Work request ▸ Setting pictures aside, output exactly the lines from the start of the records to the line with "Answer: Beginner, Intermediate, Advanced", that line included.

--------------------

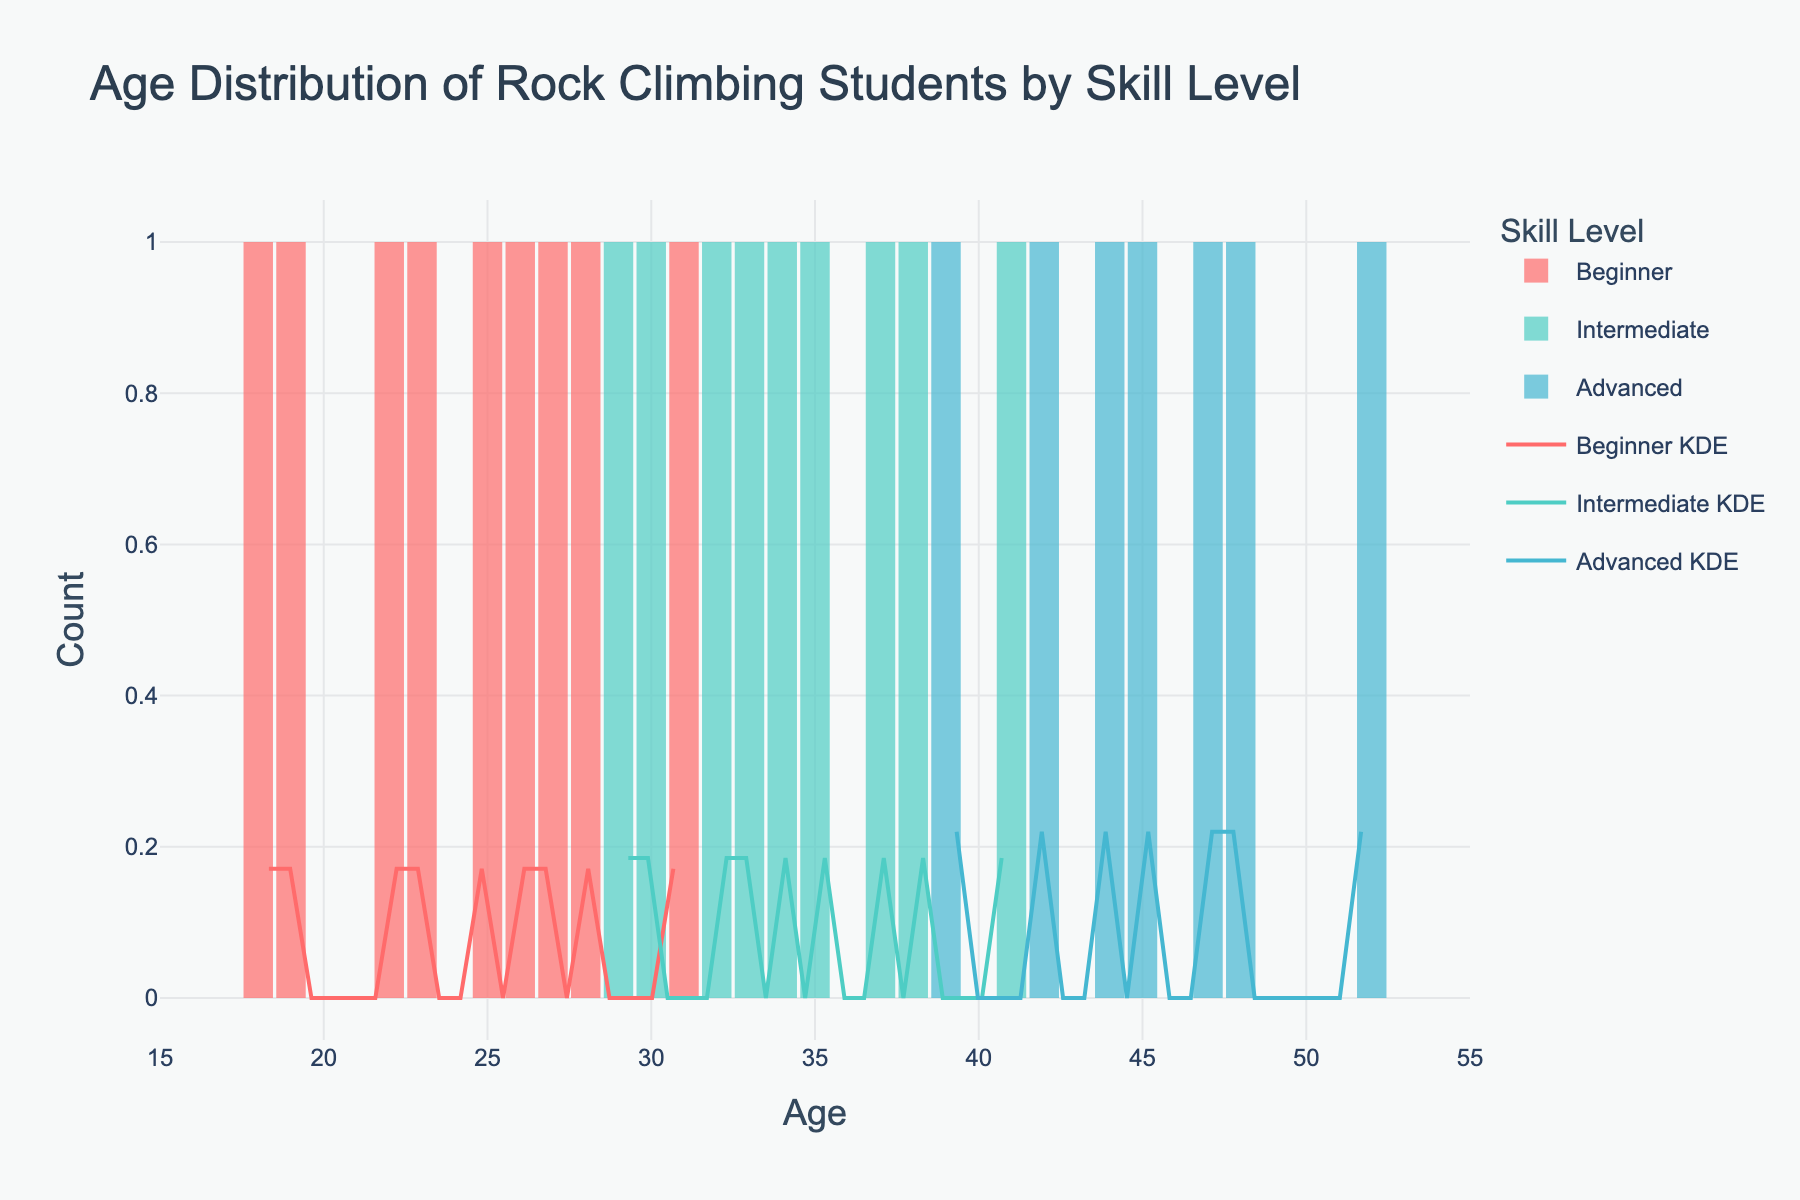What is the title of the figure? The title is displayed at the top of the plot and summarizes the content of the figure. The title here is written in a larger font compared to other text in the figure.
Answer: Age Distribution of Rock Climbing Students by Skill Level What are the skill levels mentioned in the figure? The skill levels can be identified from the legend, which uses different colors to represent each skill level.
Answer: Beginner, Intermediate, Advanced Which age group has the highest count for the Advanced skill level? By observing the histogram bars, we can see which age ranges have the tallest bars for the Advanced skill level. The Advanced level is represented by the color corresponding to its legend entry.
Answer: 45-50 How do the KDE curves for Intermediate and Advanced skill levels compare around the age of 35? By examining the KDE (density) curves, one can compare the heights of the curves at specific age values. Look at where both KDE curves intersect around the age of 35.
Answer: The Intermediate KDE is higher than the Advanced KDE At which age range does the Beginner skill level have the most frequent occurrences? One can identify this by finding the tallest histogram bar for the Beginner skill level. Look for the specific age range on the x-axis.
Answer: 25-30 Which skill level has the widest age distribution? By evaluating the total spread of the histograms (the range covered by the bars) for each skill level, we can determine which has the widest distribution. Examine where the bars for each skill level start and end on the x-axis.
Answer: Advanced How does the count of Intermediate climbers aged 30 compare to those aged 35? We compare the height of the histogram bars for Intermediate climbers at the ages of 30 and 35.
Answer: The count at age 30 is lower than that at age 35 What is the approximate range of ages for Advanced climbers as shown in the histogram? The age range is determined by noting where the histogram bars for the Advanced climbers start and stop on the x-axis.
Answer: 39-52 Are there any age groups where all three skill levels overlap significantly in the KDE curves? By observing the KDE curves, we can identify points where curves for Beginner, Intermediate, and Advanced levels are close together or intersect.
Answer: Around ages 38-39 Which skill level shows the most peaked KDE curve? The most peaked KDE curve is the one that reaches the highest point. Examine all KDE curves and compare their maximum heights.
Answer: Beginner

--------------------

Answer space ▸
What is the title of the figure? The title is displayed at the top of the plot and summarizes the content of the figure. The title here is written in a larger font compared to other text in the figure.
Answer: Age Distribution of Rock Climbing Students by Skill Level What are the skill levels mentioned in the figure? The skill levels can be identified from the legend, which uses different colors to represent each skill level.
Answer: Beginner, Intermediate, Advanced Which age group has the highest count for the Advanced skill level? By observing the histogram bars, we can see which age ranges have the tallest bars for the Advanced skill level. The Advanced level is represented by the color corresponding to its legend entry.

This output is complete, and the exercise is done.